# How can i print view only doc



## dalt (Apr 14, 2003)

Hi All

Just wondering if any one knows how to change a doc setting so i can print view only docs.
The print functions are greyed out and the docs come up as view only but i would really like to print them. Most of the time they are in PDF format.
(yes i know what you say, you are not meant to be able to print these docs, but there must be a way to overide this.)

(Also the doc won't let me right click / copy, so i can't copy paste it to print that way.)

Any help / suggestions much appreciated!!!!!

PD


----------



## putasolution (Mar 20, 2003)

Try highlighting the document and trying a CTRL C, open new document then press CTRL V


----------



## dalt (Apr 14, 2003)

Thankyou but the doc wont let me highllight anything, also the copy functions is greyed out and i cant copy the info.


----------



## RandyG (Jun 26, 2000)

pdf files can be printed and copied, but then again, the author can disable these, protecting their work from others taking them.

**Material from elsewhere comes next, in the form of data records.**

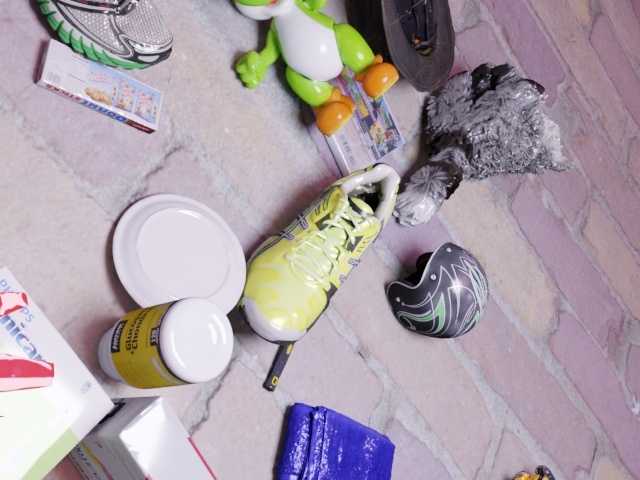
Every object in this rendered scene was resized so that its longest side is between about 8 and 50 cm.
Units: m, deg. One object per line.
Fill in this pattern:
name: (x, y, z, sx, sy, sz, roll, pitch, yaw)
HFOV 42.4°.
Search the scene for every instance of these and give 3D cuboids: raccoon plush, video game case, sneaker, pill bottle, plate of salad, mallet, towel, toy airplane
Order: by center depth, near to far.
toy airplane: (-0.337, 0.110, 0.846, 0.151, 0.028, 0.151, 14, 68, -39)
pill bottle: (-0.201, 0.132, 1.031, 0.103, 0.184, 0.103, 14, 69, -41)
sneaker: (-0.315, -0.370, 1.076, 0.343, 0.146, 0.134, 48, 43, -25)
plate of salad: (-0.198, 0.028, 1.157, 0.200, 0.048, 0.200, 17, 57, -27)
towel: (0.022, 0.422, 1.247, 0.227, 0.076, 0.308, 30, 59, -34)
sneaker: (0.000, 0.000, 1.266, 0.145, 0.147, 0.385, 36, 47, -2)
mallet: (-0.049, 0.142, 1.287, 0.062, 0.039, 0.190, 48, 55, -24)
video game case: (0.059, -0.235, 1.501, 0.183, 0.023, 0.201, -35, 102, -44)
raccoon plush: (0.320, -0.142, 1.676, 0.446, 0.216, 0.299, -47, 130, -10)

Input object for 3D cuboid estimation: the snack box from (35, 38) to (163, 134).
snack box: (-0.301, -0.210, 1.142, 0.178, 0.022, 0.064, 22, 63, -39)

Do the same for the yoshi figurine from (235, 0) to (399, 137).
yoshi figurine: (-0.047, -0.346, 1.307, 0.203, 0.203, 0.362, -44, 99, -26)

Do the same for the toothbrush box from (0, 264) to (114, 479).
toothbrush box: (-0.397, 0.196, 0.868, 0.206, 0.122, 0.283, 56, 48, -16)

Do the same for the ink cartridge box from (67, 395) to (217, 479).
ink cartridge box: (-0.223, 0.258, 0.983, 0.072, 0.175, 0.127, -41, 108, -40)

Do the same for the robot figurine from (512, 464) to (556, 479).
robot figurine: (0.408, 0.580, 1.575, 0.211, 0.085, 0.291, -17, 91, -46)

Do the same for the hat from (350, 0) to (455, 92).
hat: (0.135, -0.435, 1.546, 0.331, 0.134, 0.331, 2, 87, -56)

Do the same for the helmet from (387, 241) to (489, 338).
helmet: (0.219, 0.090, 1.468, 0.169, 0.161, 0.169, 14, 69, -41)
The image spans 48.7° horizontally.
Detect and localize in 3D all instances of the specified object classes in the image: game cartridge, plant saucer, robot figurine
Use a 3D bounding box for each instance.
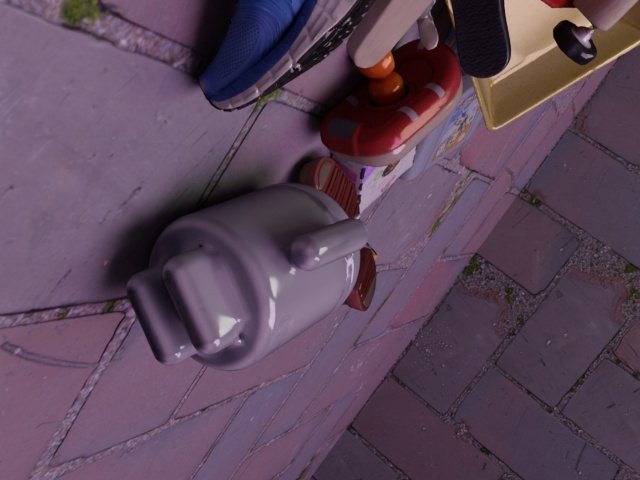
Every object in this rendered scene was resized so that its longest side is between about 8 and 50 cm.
[{"bbox_3d":[0.271,-0.256,1.454,0.297,0.062,0.198,-35,160,-41],"label":"game cartridge"},{"bbox_3d":[0.360,-0.385,1.136,0.333,0.081,0.332,-31,137,3],"label":"plant saucer"},{"bbox_3d":[-0.080,0.039,0.929,0.300,0.199,0.353,-17,-174,38],"label":"robot figurine"}]

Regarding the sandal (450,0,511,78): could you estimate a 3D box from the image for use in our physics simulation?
[{"bbox_3d":[0.219,-0.356,0.979,0.054,0.097,0.254,-47,137,-56],"label":"sandal"}]

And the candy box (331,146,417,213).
[{"bbox_3d":[0.094,-0.156,1.187,0.165,0.070,0.196,-43,159,-25],"label":"candy box"}]

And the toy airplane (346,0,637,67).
[{"bbox_3d":[0.188,-0.377,0.771,0.386,0.272,0.384,-16,149,3],"label":"toy airplane"}]

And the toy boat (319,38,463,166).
[{"bbox_3d":[0.094,-0.221,1.004,0.231,0.151,0.151,-43,131,-24],"label":"toy boat"}]

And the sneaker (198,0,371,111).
[{"bbox_3d":[-0.024,-0.253,0.655,0.330,0.147,0.130,-42,-177,37],"label":"sneaker"}]

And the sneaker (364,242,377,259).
[{"bbox_3d":[0.062,0.067,1.513,0.084,0.083,0.215,-43,161,-30],"label":"sneaker"}]

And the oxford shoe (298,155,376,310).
[{"bbox_3d":[0.000,0.000,1.189,0.348,0.130,0.123,73,33,-45],"label":"oxford shoe"}]

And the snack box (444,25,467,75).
[{"bbox_3d":[0.332,-0.445,1.225,0.187,0.060,0.322,-26,149,-50],"label":"snack box"}]
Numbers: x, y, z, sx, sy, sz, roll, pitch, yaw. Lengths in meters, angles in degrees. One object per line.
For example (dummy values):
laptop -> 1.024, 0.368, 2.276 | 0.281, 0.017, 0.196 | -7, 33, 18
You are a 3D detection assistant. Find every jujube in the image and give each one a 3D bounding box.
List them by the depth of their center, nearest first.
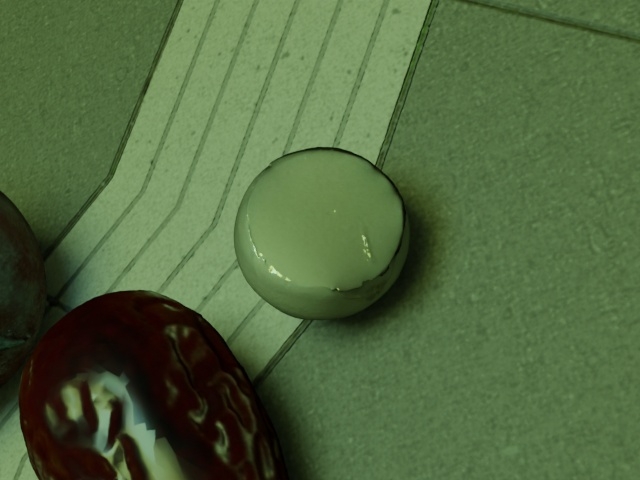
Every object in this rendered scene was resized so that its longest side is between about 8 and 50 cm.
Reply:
jujube -> -0.159, 0.194, 1.223 | 0.223, 0.223, 0.318 | -45, 56, 7

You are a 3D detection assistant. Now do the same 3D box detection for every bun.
bun -> 0.000, 0.000, 1.255 | 0.173, 0.120, 0.172 | 1, 65, -2

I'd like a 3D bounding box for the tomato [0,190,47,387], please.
tomato -> -0.470, 0.054, 1.443 | 0.316, 0.317, 0.282 | -49, 33, 4
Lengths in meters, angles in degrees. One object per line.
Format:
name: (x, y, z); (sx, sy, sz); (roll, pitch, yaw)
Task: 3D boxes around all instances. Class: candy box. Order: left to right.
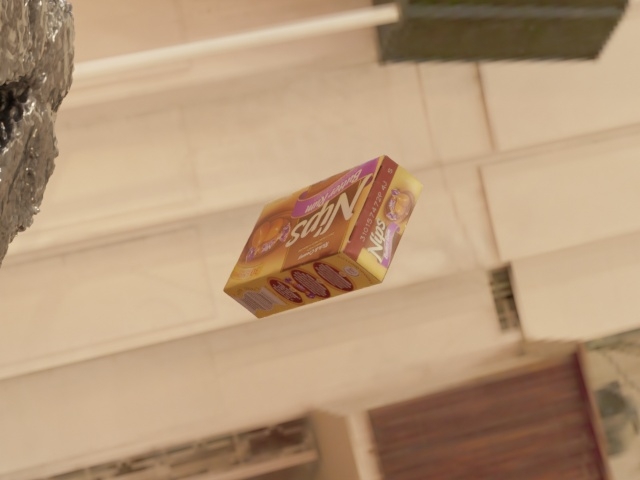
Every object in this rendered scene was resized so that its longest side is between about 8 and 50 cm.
candy box: (0.000, 0.000, 1.310); (0.187, 0.053, 0.109); (-20, -142, 52)

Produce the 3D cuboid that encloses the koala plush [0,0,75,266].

post the link to the pdf, and we can see if there is a way to print it for you.


----------



## betting babe (Jun 28, 2003)

Open the .Pdf to view full screen, Take a screen shot (print screen button), Paste it (Control+V) into a new Word Doc, Paint Image, Photoshop Image, etc...
Enlarge the photo to it's original size (by cropping, dragging the edges in Word, etc) & print. =)


----------



## mcse72 (Feb 13, 2003)

You can also try opening the doc and clicking "CTRL-P" to print it.


----------



## brendandonhu (Jul 8, 2002)

> _Originally posted by mcse72:_
> *You can also try opening the doc and clicking "CTRL-P" to print it. *


Won't work, the document's creator has decided that this document should not be printed, and probably for good reason. Unless dalt can provide a link and show us that it is not copyrighted material I won't post a way to get around Copyright Protection.


----------



## Cosmic (May 5, 2003)

There has to be a way to screen capture it to file. Might have to play around with the format depending on what it is once it saves.

Third party software that does screen capture to file might be something to look at. But a fellow should also be willing to pay the author for their work. The word Copyright is not just for decoration.

There is an organization where you sent fees for making Xerox's. Might be able to just buy a copy from the Website. Fees typically are very modest. After all they are letting you view it for nothing.

Murphy Law #116

If they can't get it any other way, some will even pay.


----------



## putasolution (Mar 20, 2003)

A google search will get you on line PDF to DOC conversion tools should you so desire


----------



## dalt (Apr 14, 2003)

It's a work doc. We have a lot of forms for customers on cd.. but some won't let me print them


----------